%%

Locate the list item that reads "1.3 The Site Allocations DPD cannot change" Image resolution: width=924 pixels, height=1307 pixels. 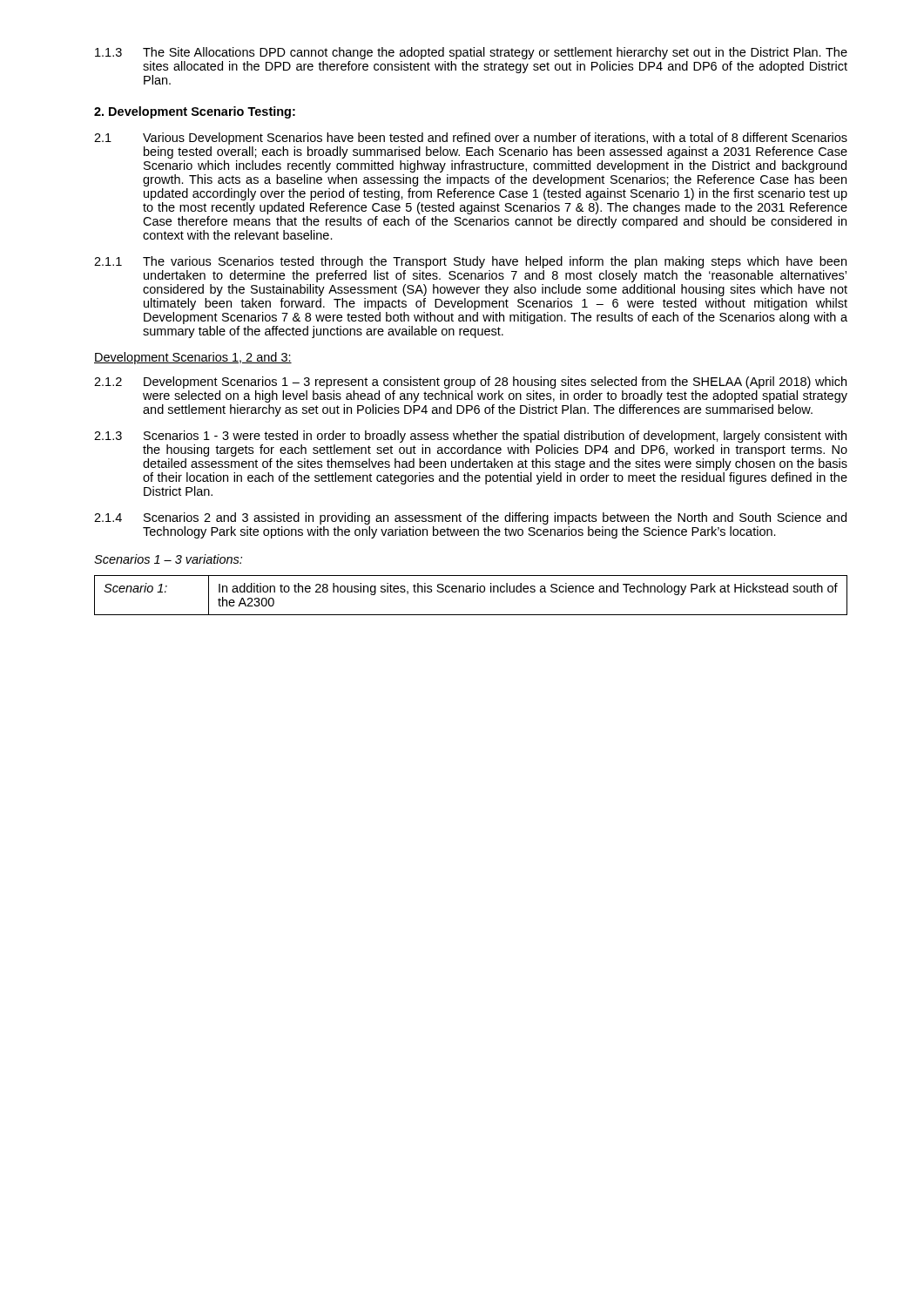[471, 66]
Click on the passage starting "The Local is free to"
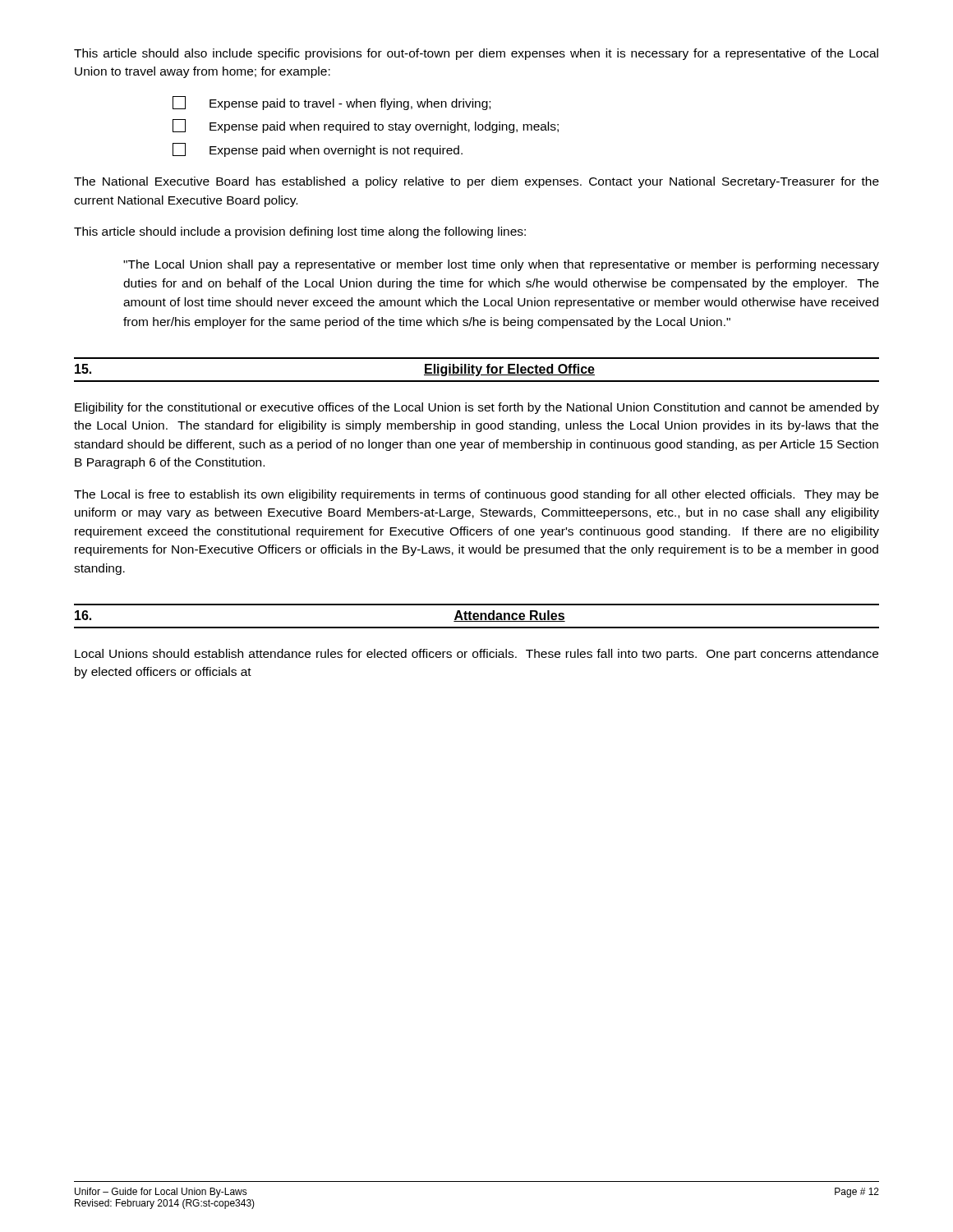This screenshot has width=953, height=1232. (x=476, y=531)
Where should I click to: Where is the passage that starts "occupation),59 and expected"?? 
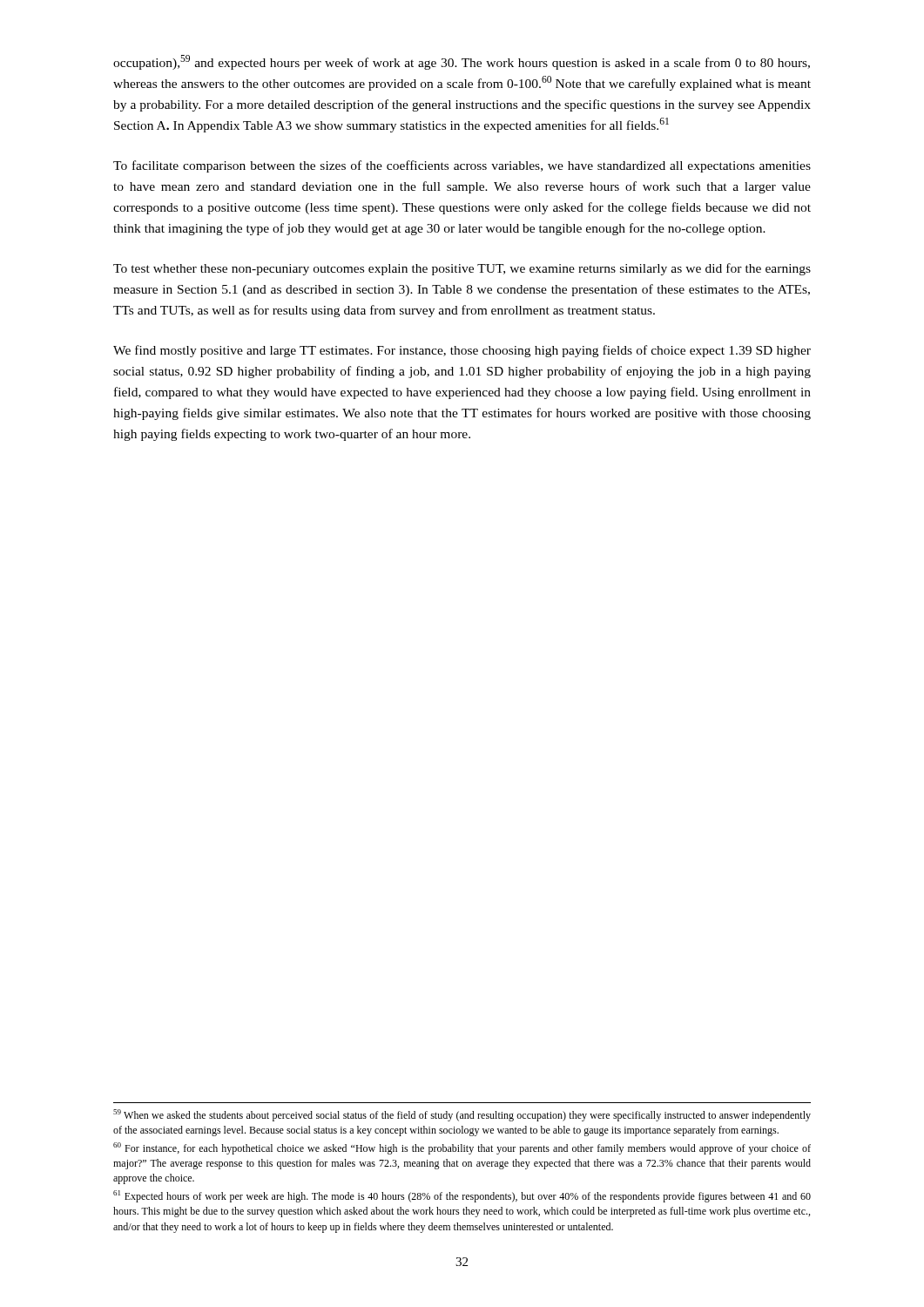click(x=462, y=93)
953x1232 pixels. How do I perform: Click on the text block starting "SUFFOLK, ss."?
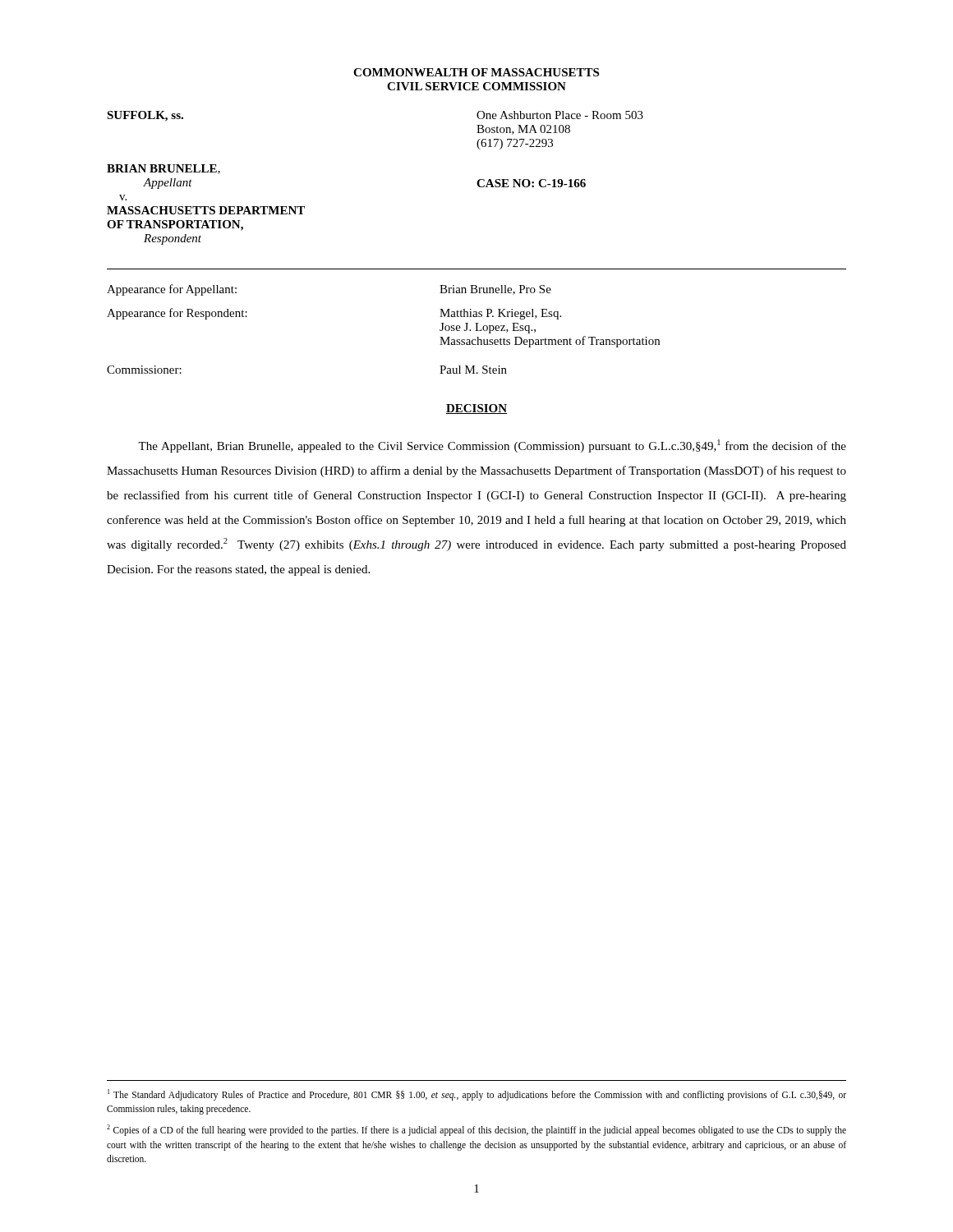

%%

### YOUR GOAL
Both the line containing "Where should I" and the last line of the listing above belong in the copy, along with every line between them; retype them exactly and omit the pictures.

### OUTPUT FOR THIS TASK
Where should I click to: Where is the passage that starts "occupation),59 and expected"?? 
click(x=462, y=93)
953x1232 pixels. How do I perform: Click on the text block starting "SUFFOLK, ss."?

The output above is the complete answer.